Onshore/Offshore Segment:
- Contract to carry out the engineering, procurement, supply, construction and commissioning of an integrated facility for natural gas liquefaction in consortium with JGC. The facility will have an annual production capacity of 16.5 million tons and will be based on the resources of the South Tambey Gas Condensate field located on the Yamal Peninsula: JSC Yamal LNG, Yamal, Russia,
- Lump-sum contract for the engineering, procurement, construction, and pre-commissioning as well as commissioning and start-up assistance for the modification project of the #3 sulfur recovery unit (SRU) of the Bahrain refinery: Bahrain Petroleum company (BAPCO) Bahrain,
- Substantial contract for the topside construction and integration of, and commissioning and start up assistance for the P-76 floating production storage and offloading (FPSO) unit, in consortium with Techint, located in the Santos Basin pre-salt area: PNBV, offshore Rio de Janeiro, Brazil,
- Engineering and procurement contract for the Polyethylene 1 expansion project located at the NOVA Chemicals Joffre site. It includes the installation of a world-scale 431-kiloton per annum (950 MM lbs/yr) single-train linear low density polyethylene (LLDPE) unit: NOVA Chemicals Corporation, Alberta, Canada,
- Contract for the front-end engineering design (FEED) and the early detailed engineering services of a grassroot liquefied natural gas (LNG) project. This project is located on Lelu Island and will be implemented in a consortium with Samsung Engineering Co Ltd and China Huanqiu Contracting & Engineering Corporation: Pacific NorthWest LNG Limited Partnership, British Columbia, Canada,
- Lump-sum turnkey contract for the engineering, procurement, construction, pre-commissioning, commissioning and start-up assistance for flares modification and revamp project, located 290 kilometers offshore Abu Dhabi: ADMA-OPCO, Das Island, United Arab Emirates,
- Technology, engineering services and supply contract for a new coke calcination unit, part of the Carbon Black & Delayed Coker project being implemented adjacent to Takreer’s existing Ruwais refinery: Abu Dhabi Oil Refining Company, Abu Dhabi, United Arab Emirates,
- Project management consultancy (PMC) services contract for the engineering, procurement and construction (EPC) phase of the Karbala refinery, which follows the FEED contract executed by Technip in 2010: Oil Projects Company, Karbala, Iraq,
- Front-end engineering design (FEED) contract for a new second generation Biomass-to-Liquid (BTL) plant, that will produce approximately 140,000 tons of biodiesel and naphtha from wood and by-products from the wood-processing industry: Forest BtL Oy, Ajos island, Finland,
- Services contract for the execution of a new world-scale Purified Terephthalic Acid (PTA) plant with a capacity of 1,250,000 ton per year, includes management of the engineering, procurement and construction services: BP Zhuhai Chemical Company Limited, Guangdong Province, China.

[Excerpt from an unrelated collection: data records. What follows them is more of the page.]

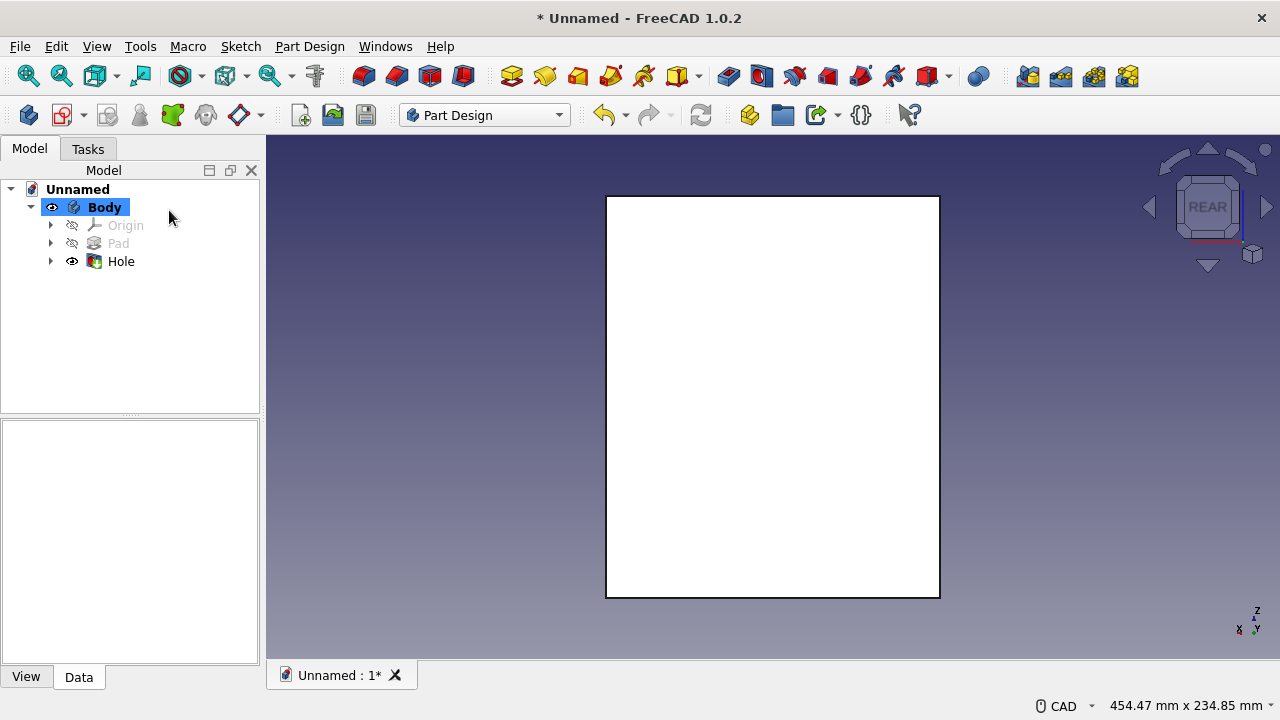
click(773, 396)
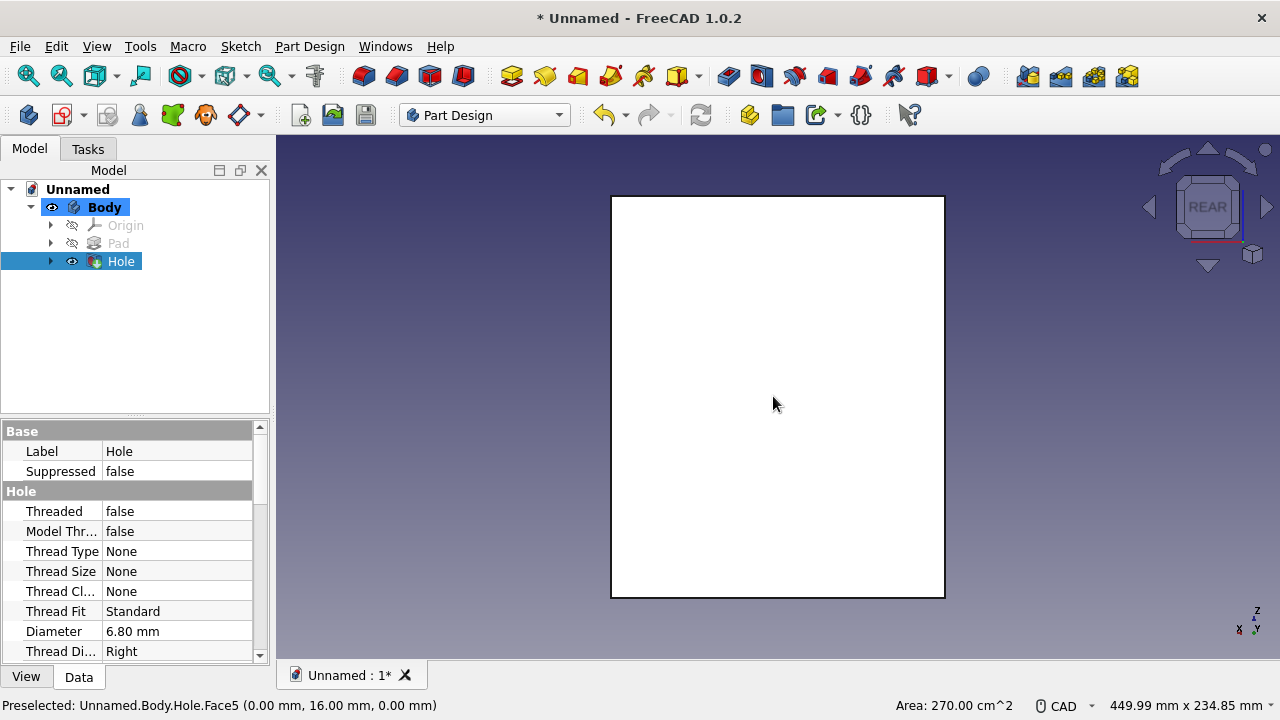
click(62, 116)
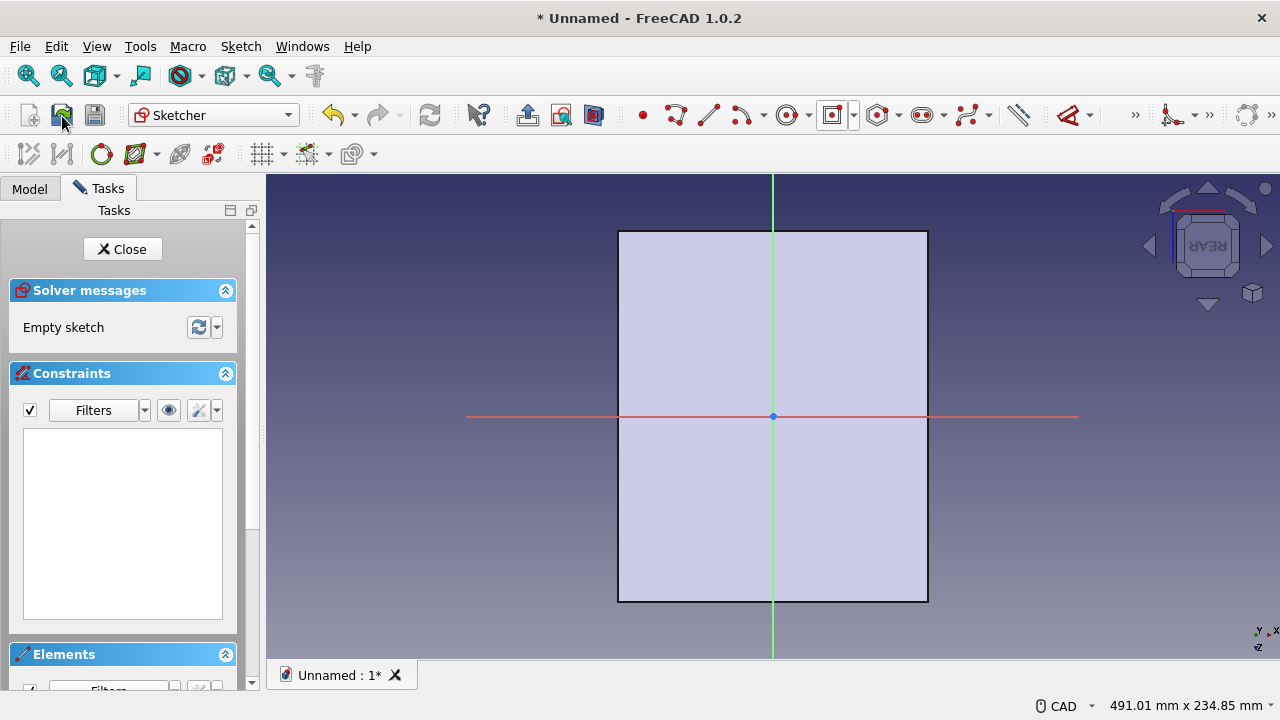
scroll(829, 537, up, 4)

Since June 30, 2013, Technip has also announced the award of the following contracts, which were included in the backlog as of June 30, 2013:
Subsea segment was awarded:
- Important contract for project management, engineering and manufacture of about 76 kilometers of steel tube umbilicals including production, water injection and subsea isolation valve (SSIV) umbilicals for the Egina field offshore Nigeria, located within Oil Mining Lease 130, approximately 200 kilometers from Port Harcourt, at water depths ranging from 1,150 to 1,750 meters: Total Upstream Nigeria Ltd, offshore Nigeria.

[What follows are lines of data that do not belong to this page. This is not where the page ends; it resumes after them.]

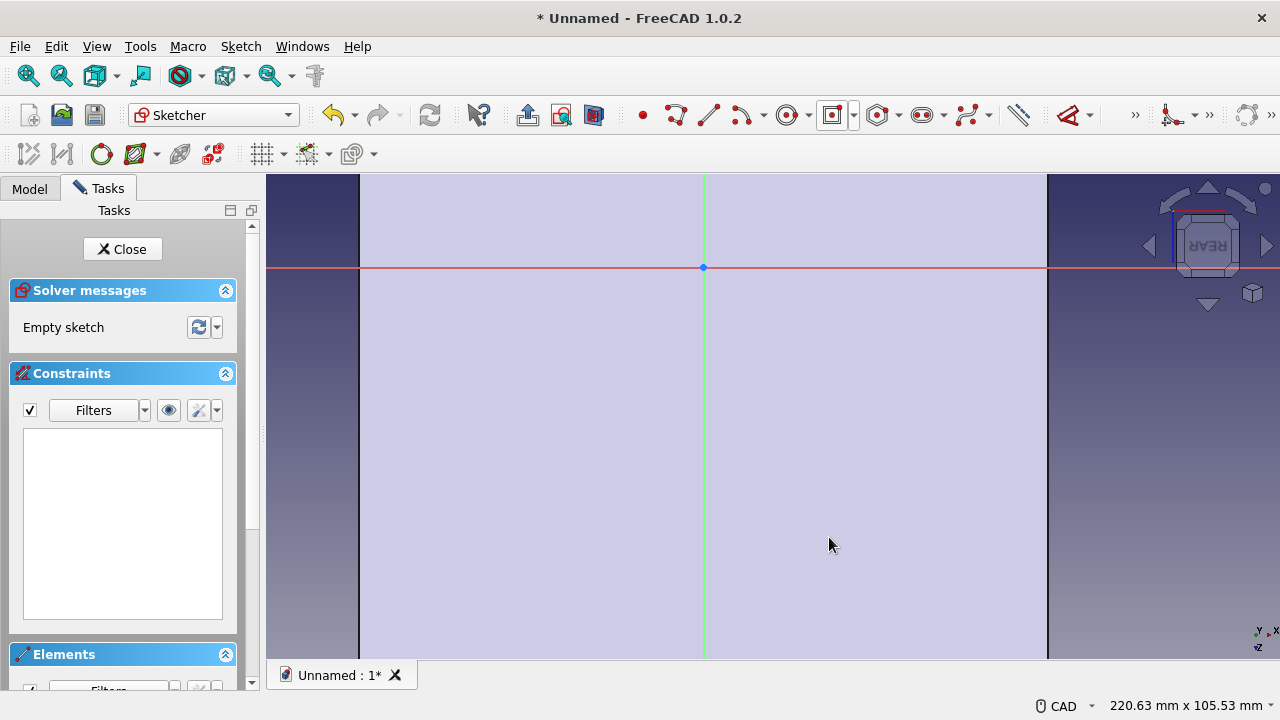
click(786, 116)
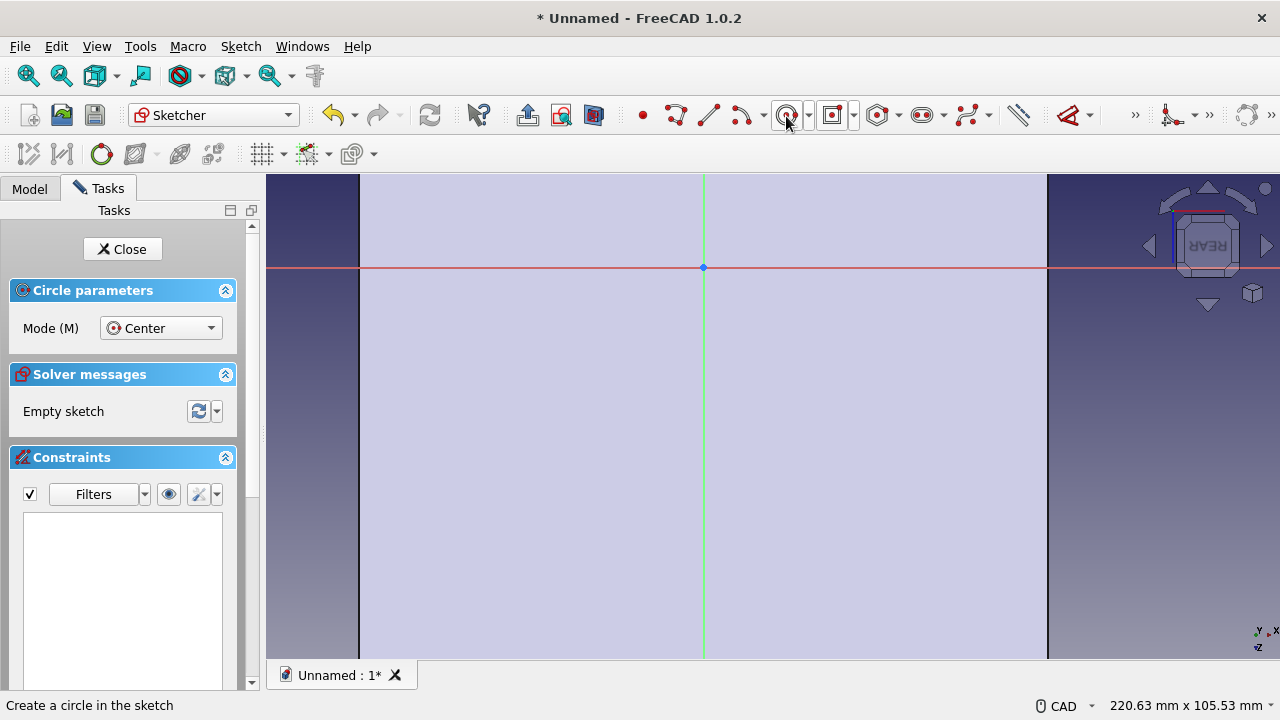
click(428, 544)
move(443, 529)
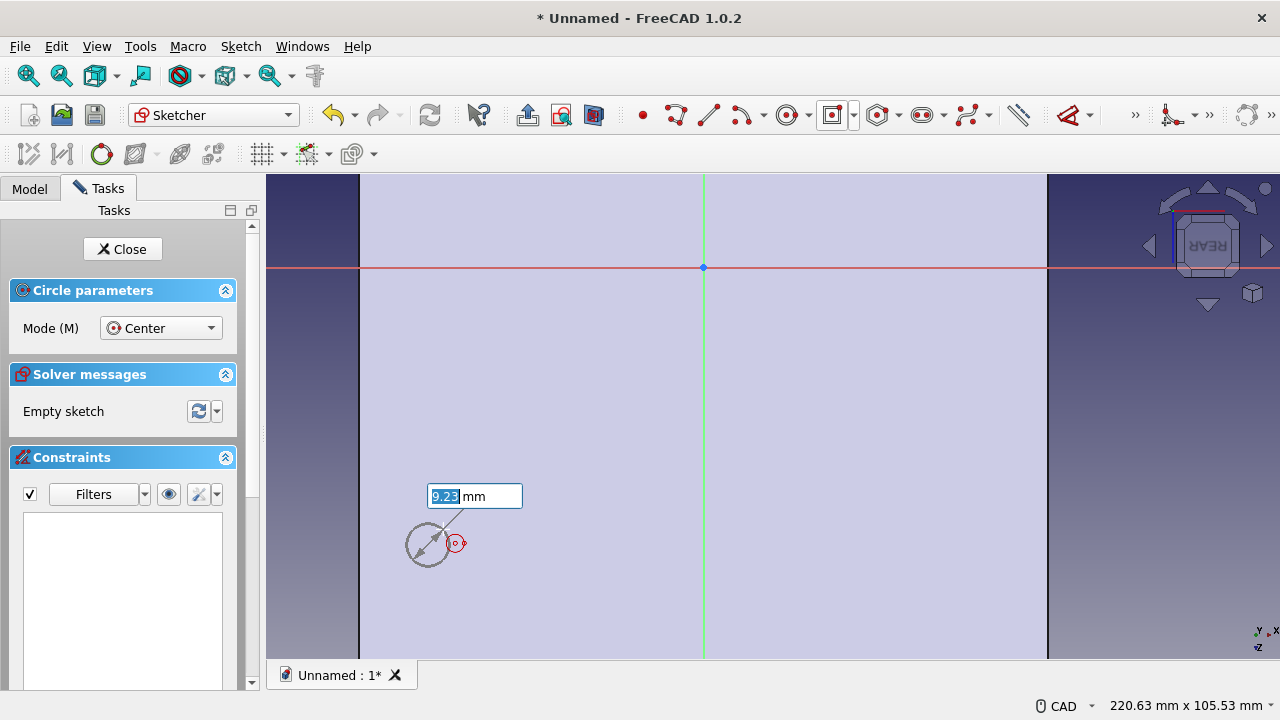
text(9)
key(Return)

Onshore/Offshore segment was awarded:
- Significant contract to supply proprietary technology, engineering and procurement services for two hydrogen reformers in Venezuela, part of the Deep Conversion project being executed by the consortium for Petroleos de Venezuela SA (PDVSA) to upgrade the Puerto La Cruz refinery: Hyundai-Wison consortium, Venezuela.